Times listed in EDT.
Highlights
This session will share examples of companies that have lowered their carbon emissions using lean product and process development. Learn approaches you can use in your organization to lower carbon emissions and address other sustainability concerns.
Overview
The biggest opportunity to influence costs (financial and environmental) comes in the development of new products. The decisions made in development lock in ongoing costs for the entire product life cycle. These costs are often not consciously decided. They are decided for us when making design decisions without understanding or considering the environmental impacts. Lean product and process development can help you see the environmental impact of design choices across the entire life cycle, with the greatest opportunities to lower carbon emissions in the making (1/3 of man-made carbon emissions) and use (2/3 of man-made carbon emissions) of products.

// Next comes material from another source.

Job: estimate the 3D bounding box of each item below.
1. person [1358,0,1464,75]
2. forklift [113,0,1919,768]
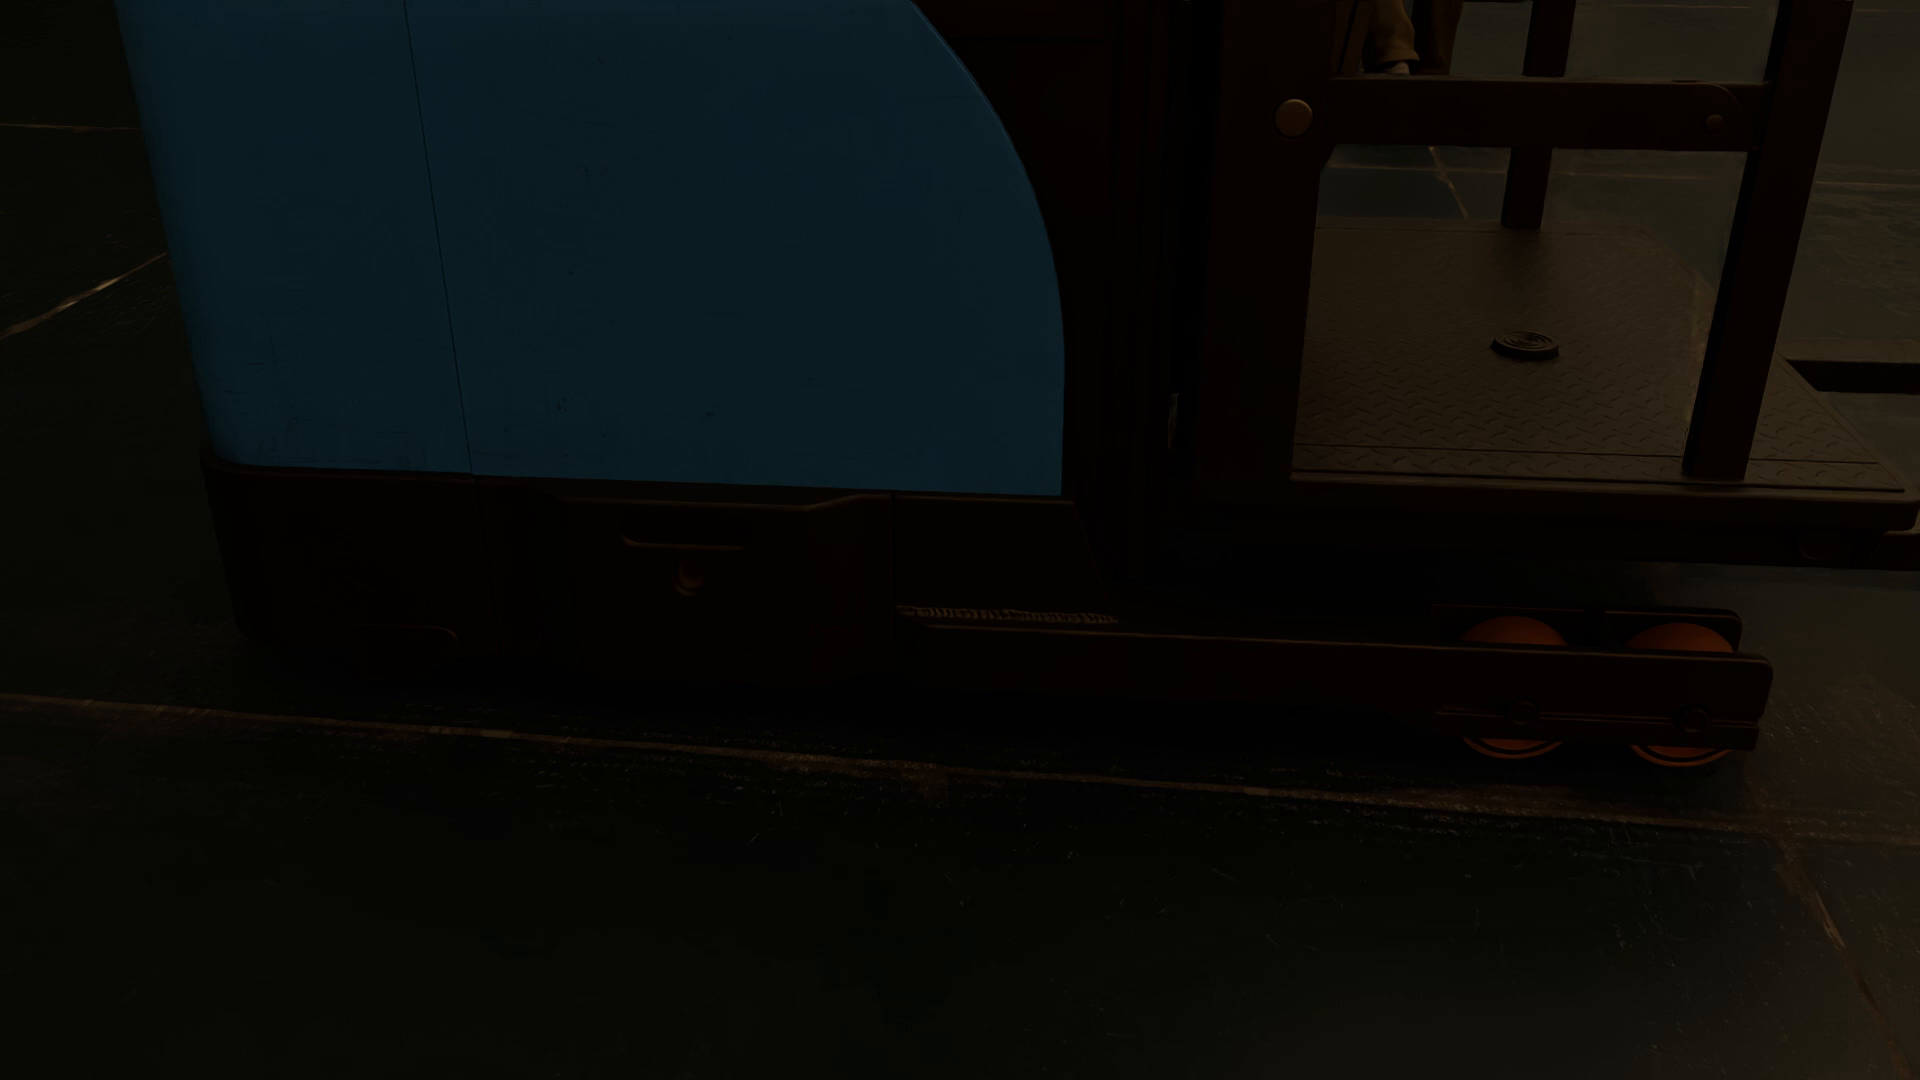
[{"bbox_3d":[1.377,-2.101,4.753,0.948,1.760,0.782,0,27,1],"label":"person"},{"bbox_3d":[0.611,-1.292,1.807,3.031,2.935,1.130,2,27,4],"label":"forklift"}]

This starts in the study/concept phase of development, a combination of lean practices and modified sustainability practices can be utilized to consider the environmental impact of products throughout their life cycles, including predictive life cycle analysis, chief engineer immersion and concept papers. In the execution phase of development, the focus shifts to creating actionable plans to meet the targets set in the concept paper, including milestones and glide paths. Other lean practices that enable effective teamwork to meet the targets include synchronizing work across functions and obeya. Further building sustainability knowledge into design standards supports the teams to develop products with lower carbon emissions.
Company
Katrina Appell Consulting Inc. supports organizations in improvement and transformation through lean coaching and consulting. www.appell.org
A top-ranked public university, the University of Michigan has a tradition of excellence in research, learning and teaching, sports and the arts, and more. The Resourceful Manufacturing and Design group (ReMaDe) is part of the mechanical engineering department at the University of Michigan. It is headed by professor Dan Cooper. ReMaDe works at the nexus between industrial ecology (IE) and mechanical engineering (ME), using IE methodologies such as material flow analyses and life cycle assessment to identify opportunities and quantify impacts, and then pursuing an experimental and mechanistic modeling approach to generate the scientific knowledge underlying those opportunities. Most engineering focuses on small-scale analysis and design of a product or process and fails to consider the large-scale (regional and global) impacts that result from these small-scale systems. In contrast, ReMaDe spans whole industry analysis (e.g., identifying material efficiency opportunities from analyzing the global flow of steel), factory level analysis (e.g., opportunities to reduce carbon emissions from car assembly plants and carbon nanotube production facilities), and process level analysis and design (e.g., metal forming and developing experiments in order to understand solid state welding). Learn more at remade.engin.umich.edu.
Presenters
Katrina Appell, Ph.D., is passionate about supporting organizations in improvement and transformation and has 15+ years of coaching, facilitating, training and team development experience. Appell is president of Katrina Appell Consulting Inc. and a lean product and process development coach and faculty member at the Lean Enterprise Institute. She has experience as a senior lean consultant at Liker Lean Advisors and as a lean coach at the University of Michigan Health System. Appell holds a master's and doctorate in industrial and operations engineering from the University of Michigan and a bachelor's in general engineering from the University of Illinois at Urbana-Champaign, where she was previously the president of the Industrial and Enterprise Systems Engineering Alumni and Advisory Board. Learn more at appell.org.
Dan Cooper, Ph.D., is an assistant professor in the Mechanical Engineering Department at the University of Michigan. He heads the Resourceful Manufacturing and Design (ReMaDe) group, which is dedicated to pursuing environmental sustainability through process innovations in material efficiency and optimized manufacturing and recycling supply chains. Cooper received his bachelor’s, master’s, and doctoral degrees in mechanical engineering from the University of Cambridge before completing a three-year post-doc at MIT sponsored by Ford Motor Company. His research, which focuses on making impactful contributions to the areas of manufacturing and sustainability, considers multiple scales: identifying significant opportunities to cut emissions and/or costs by conducting large scale analyses on processes, factories, and material supply chains, and pursuing a rigorous technical analysis to capitalize on the opportunities.